◆ **YOUR GOAL**: I'd like every line in the following listing that holds "person" copied.

-- Opening Marker --

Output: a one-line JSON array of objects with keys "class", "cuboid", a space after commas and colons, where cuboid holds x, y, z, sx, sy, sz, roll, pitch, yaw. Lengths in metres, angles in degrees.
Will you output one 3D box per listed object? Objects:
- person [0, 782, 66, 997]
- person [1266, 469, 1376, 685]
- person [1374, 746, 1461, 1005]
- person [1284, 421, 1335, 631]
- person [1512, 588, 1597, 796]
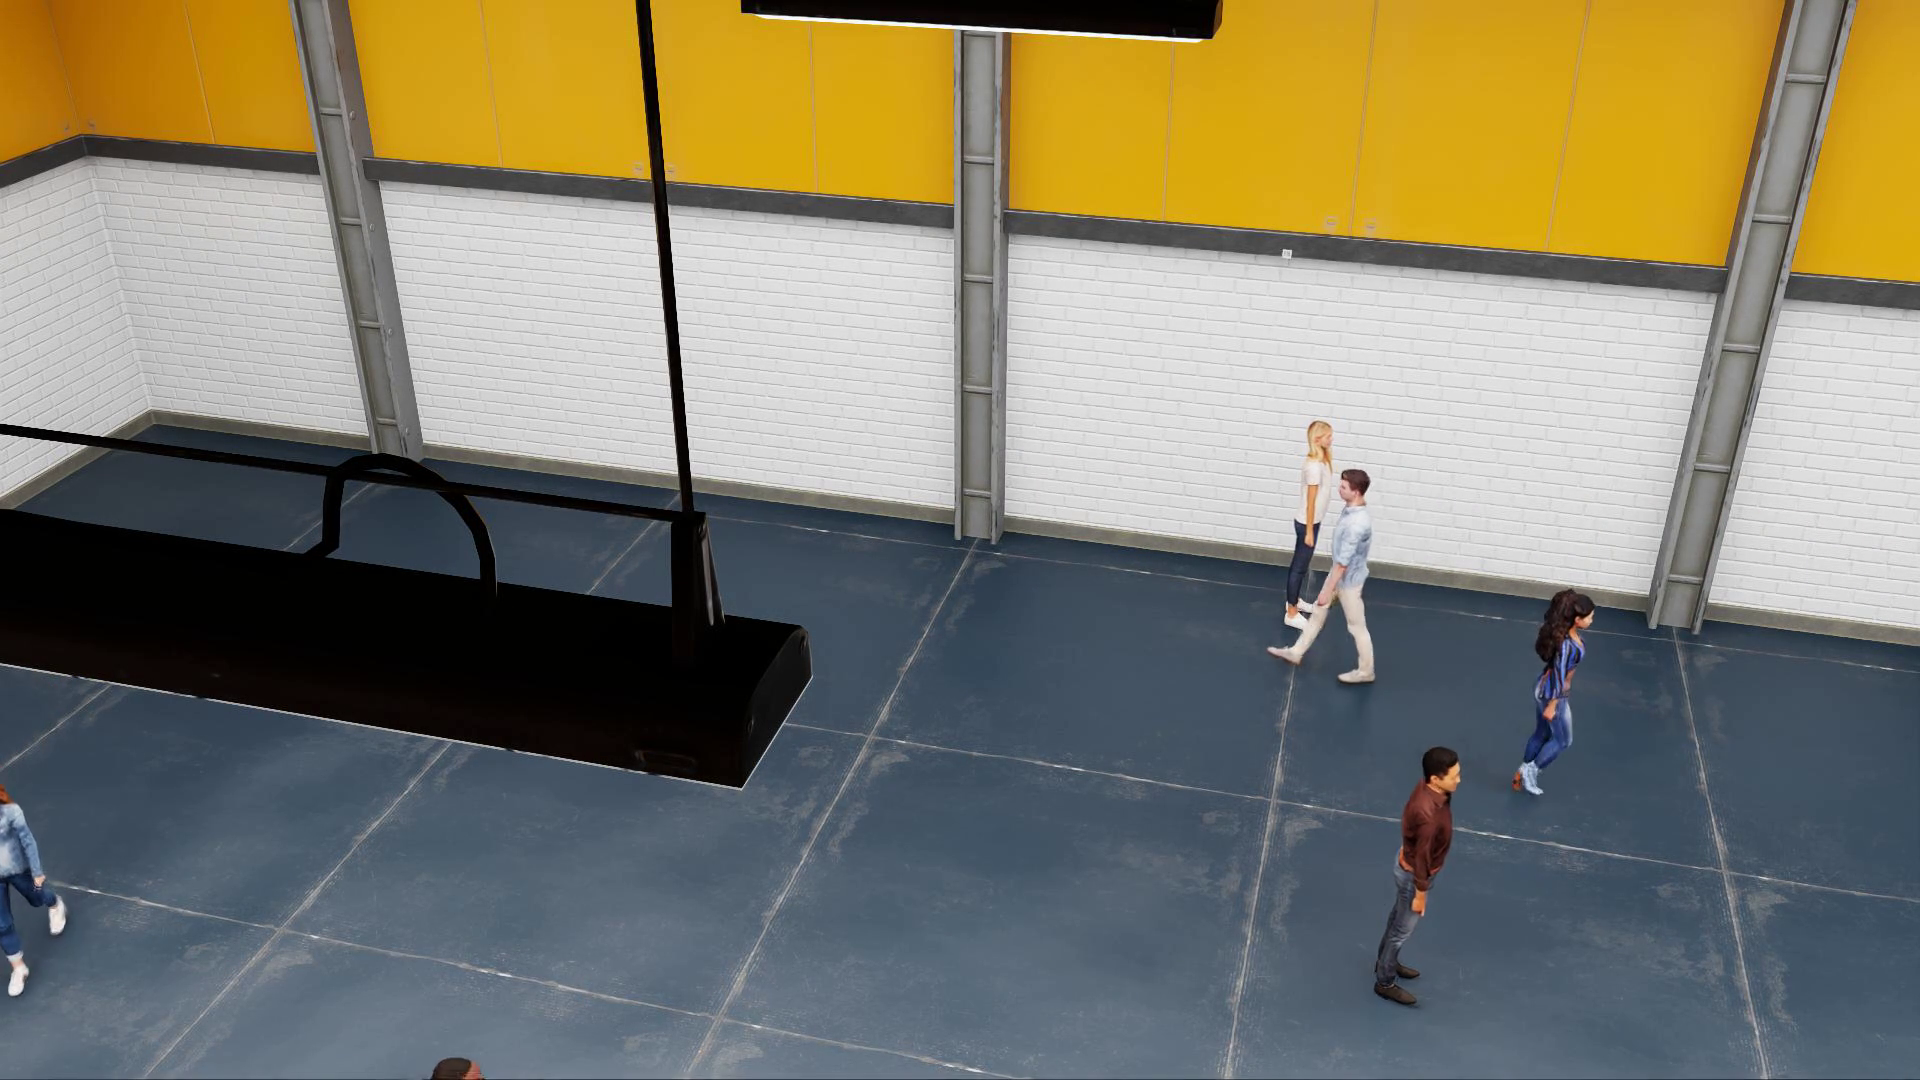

-- Closing Marker --

◆ **PROBLEM SOLUTION**:
- person [0, 782, 66, 997]
- person [1266, 469, 1376, 685]
- person [1374, 746, 1461, 1005]
- person [1284, 421, 1335, 631]
- person [1512, 588, 1597, 796]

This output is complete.